Treasury Curve Today Week Change
3 Month 0.01% Unchanged
6 Month 0.04% Unchanged
1 Year 0.06% Unchanged
2 Year 0.16% Unchanged
3 Year 0.34% Unchanged
5 Year 0.82% -0.05%
10 Year 1.58% -0.09%
30 Year 2.26% -0.07%

Short-Term Rates

Fed Funds 0.25%
Prime Rate 3.25%
3 Mo LIBOR 0.19%
6 Mo LIBOR 0.22%
12 Mo LIBOR 0.29%
Swap Rates  
3 Year 0.464%
5 Year 0.906%
10 Year 1.563%

 

Economic Calendar

Date Statistic For Briefing Forecast Market Expects Prior
Apr 21 MBA Mortgage Applications Apr 16 NA NA -3.7%
Apr 22 Chicago Fed Nat. Activity Index Mar 1.20 1.20 -1.09%
Apr 22 Initial Jobless Claims Apr 17 650k 625k 576k
Apr 22 Leading Index Mar 0.9% 1.0% 0.2%
Apr 22 Existing Home Sales Mar 6.15m 6.15m 6.22m
Apr 22 Existing Home Sales(MoM) Mar -1.2% -1.1% -6.6%
Apr 23 Markit US Manufacturing PMI Apr P 60.5% 60.5% 59.1%
Apr 23 Markit US Services PMI Apr P 61.5% 61.5% 60.4%
Apr 23 New Home Sales (MOM) Mar 14.2% 14.3% -18.2%

Top 5 Events for the Week

April 19— 23, 2021

1. Washington Happenings—All Week

We mentioned above that it might be a quiet week what with no Fed speakers and a short list of decidedly second-tier economic releases, but we did mention there is always the possibility that something out of Washington D.C. can occur that upsets the apple cart. While the political machinations are churning around the infrastructure bill with the Republicans offering a $600 -$800 billion counterproposal, the guiding philosophy so far in the Biden Administration is to go big and we are sure they will do the same with the Republicans more modest proposal. The infrastructure bill and the tax hikes to pay for it are still a long way off but Washington has other ways to upend the calm waters of the market. One possibility is the raising of diplomatic tensions between the US and Russia. The US placed a lengthy list of sanctions against dozens of Russians and others it identified as aiding the Russian Solar Winds hacking effort, 2016 election interference as well as interference in  the 2020 election. Several Russian “diplomats” are to be expelled as part of the sanctions. You can fully expect Russia to respond in kind, at the least,  but the deeper question is will they take it a step further? They have already been massing larger troop levels and equipment near the disputed Donbas and Crimea regions in Ukraine, and if that low-level skirmish is escalated at some point it will certainly change the market calculus.

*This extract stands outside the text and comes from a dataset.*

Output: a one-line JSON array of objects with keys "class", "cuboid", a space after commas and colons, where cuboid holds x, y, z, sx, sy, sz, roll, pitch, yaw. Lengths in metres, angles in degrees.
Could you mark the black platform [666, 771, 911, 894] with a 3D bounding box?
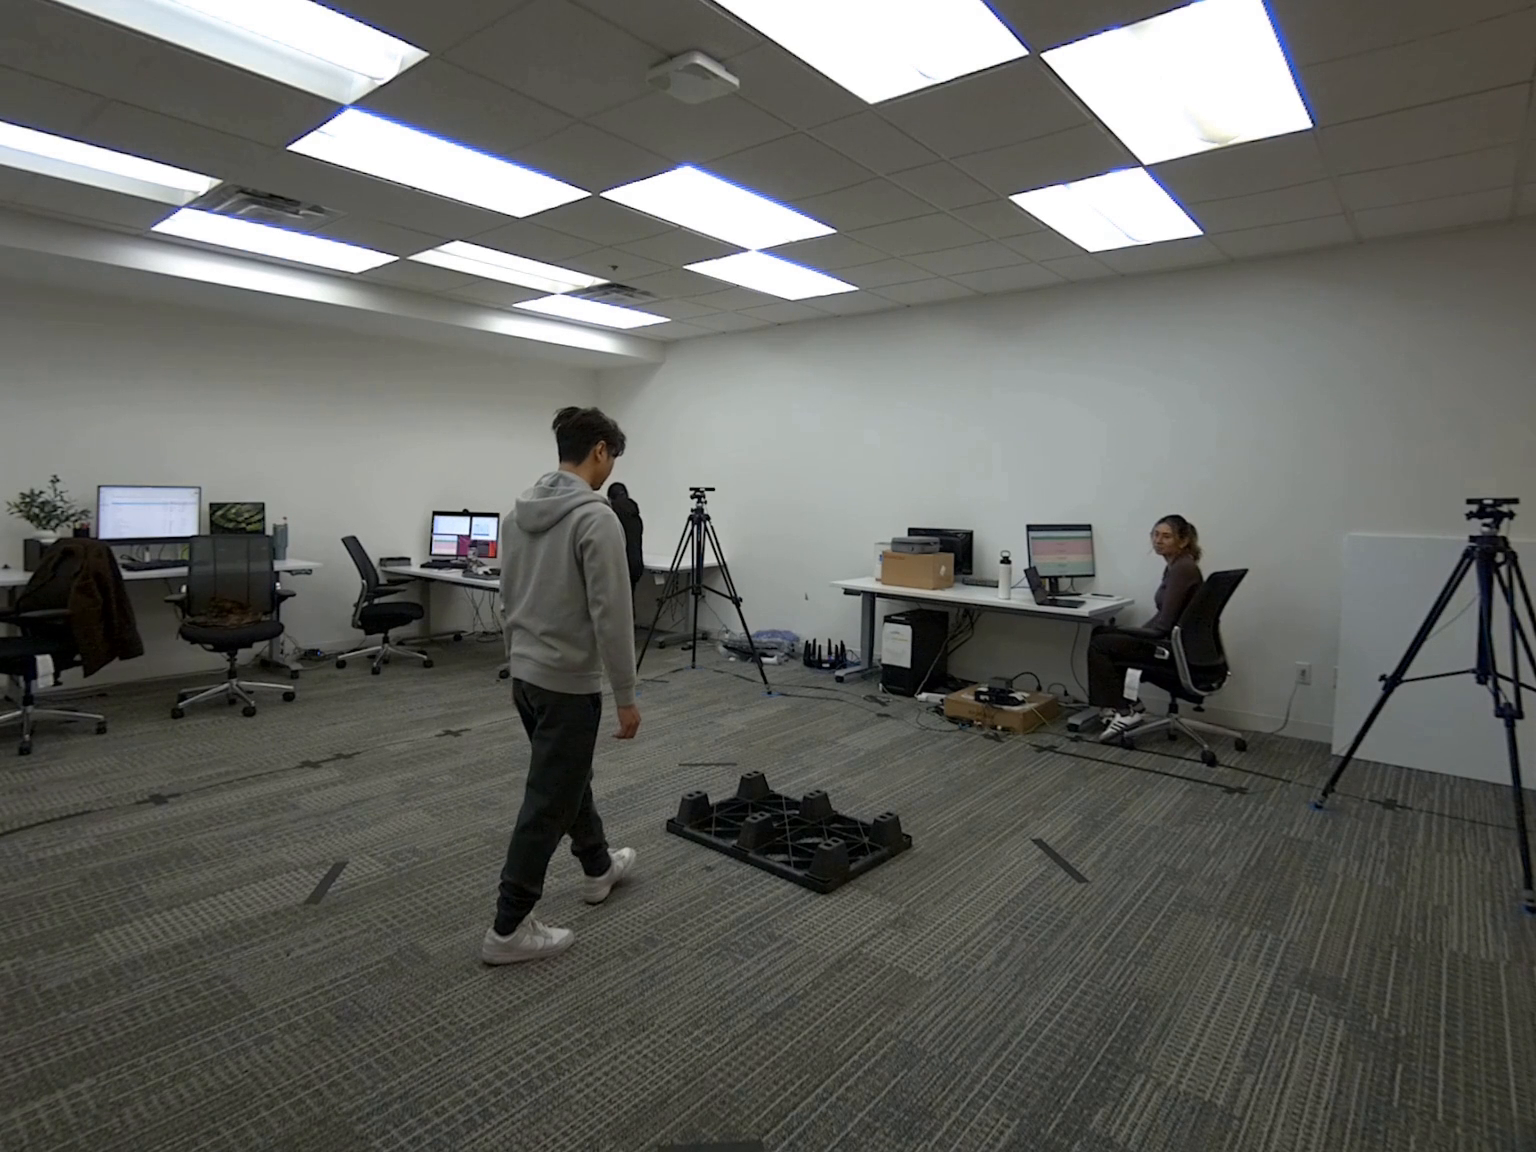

We’re not predicting anything as we get way over our skis discussing geo-political machinations, but what’s that old saying to never short a dull market?

2. March Leading Indicators—Thursday

The Leading Index-a gauge of nearly 80 variables that tend to move before the overall economy- plumbed new depths this time last year, as one would expect, but rebounded smartly in the summer only to plateau moving into year-end as virus case counts started spiking again.  But with vaccines getting into more people on a daily basis, and case counts well off the holiday highs, the index should start to see a rebound. Any reading below zero constitutes a contracting economy while above zero is an expanding economy. For March the index is expected to move up smartly by 1.0%  versus a 0.2% gain in February. The stock rally has helped the index for months now, but rising rates have been a headwind. Improving sentiment readings have no doubt contributed to the index’s rebound as well. Thus, the Leading Index for March is expected to show us an economy that is poised to continue, if not exceed, its recent growth trajectory.

Source: Bloomberg

3. March Existing Home Sales—Thursday

On Thursday, we’ll get March existing home sales—accounting for 90% of the residential market—which are expected to be down slightly from February’s results. The March print is expected to  see sales dip  –1.1% month-over-month to 6.15 million houses from 6.22 million sold in February, on an annualized basis.  Don’t shed a tear, however, as the housing sector continues to benefit from low mortgage rates and taking the numbers in context the housing market is hitting on all cylinders.  So while mortgage rates rose 50bps in February and March they barely made a dent in March existing home sales and that is notable. While that pick up in mortgage rates is not to be disregarded entirely, by historical standards a 3.30% mortgage loan is still pretty cheap, thus we don’t expect much backsliding in activity.

4. March New Homes—Friday

While new home sales only account for about 10% of the housing market they do bring with it all the elements that go into the construction of a home and so it is an important input to GDP and also to the health of the housing market. For the month of March, sales are expected to rebound after February’s weather-related drop. Sales are expected to increase 14.3% month-over-month to 950 thousand units sold on an annualized basis. In February sales totaled 869 thousand. Sales peaked at 979 thousand annualized back in July as activity coming out of the spring lockdowns and the usual summer selling season coalesced. These numbers are still dwarfed by the nearly 1.4 million homes sold (annualized) in July 2005 as the housing bubble reached its zenith. In any event, present sales are at levels last experienced in 2007 as we were coming off the housing bubble peaks and nearly past the pandemic-related peak from last July.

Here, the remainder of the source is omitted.